Ethical Issues in Using Artificial Intelligence?

So I decided to go to the source and ask ChatGPT, “Is it ethical to copy and claim as ones own text generated by ChatGPT or other AI?”

And ChatGPT replied:

No, it is not ethical to copy and claim as one’s own text generated by ChatGPT or other AI without proper attribution. Just like with any other intellectual property, the original author or creator of the text generated by the AI has the right to be credited and recognized for their work.

Furthermore, it is important to note that the ethical use of AI-generated text should be guided by the same principles that apply to human-generated content. This includes avoiding plagiarism, respecting copyright laws, and giving proper credit to sources. In addition, it is important to consider the potential consequences of using AI-generated text without proper attribution, such as damaging one’s reputation or violating intellectual property rights.

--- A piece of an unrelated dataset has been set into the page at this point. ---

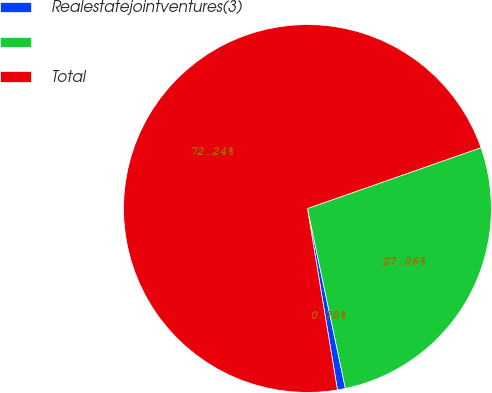Convert chart. <chart><loc_0><loc_0><loc_500><loc_500><pie_chart><fcel>Realestatejointventures(3)<fcel>Unnamed: 1<fcel>Total<nl><fcel>0.7%<fcel>27.06%<fcel>72.24%<nl></chart>

Therefore, if you are using AI-generated text, it is essential to make sure that you are doing so in an ethical manner by giving credit where credit is due and respecting the rights of the original creators.

Of course what is missing from this answer is that ChatGPT doesn’t credit its sources, so it isn’t practicing what it preaches. I followed up with this question, “How does ChatGPT justify demanding that it receive attribution when copying what it says when ChatGPT doesn’t reveal its sources?” ChatGPT replied:

As an AI language model, ChatGPT is trained on a large corpus of text data, which includes a diverse range of sources. While ChatGPT itself does not reveal its specific sources, the model’s training data includes a wide range of published and publicly available text data.

When ChatGPT requests attribution for its responses, it is not necessarily asking for attribution to its specific sources, but rather for attribution to the model itself. Attribution to ChatGPT acknowledges the work that went into training and developing the model, as well as the intellectual property rights associated with the model.

Furthermore, when users copy and paste responses from ChatGPT without attribution, it can create confusion about the original source of the information. Attributing the information to ChatGPT helps to clarify the source and provides proper credit to the model’s developers.

In summary, while ChatGPT does not reveal its specific sources, attribution to the model itself is still important to acknowledge the work that went into developing the model and to clarify the source of the information.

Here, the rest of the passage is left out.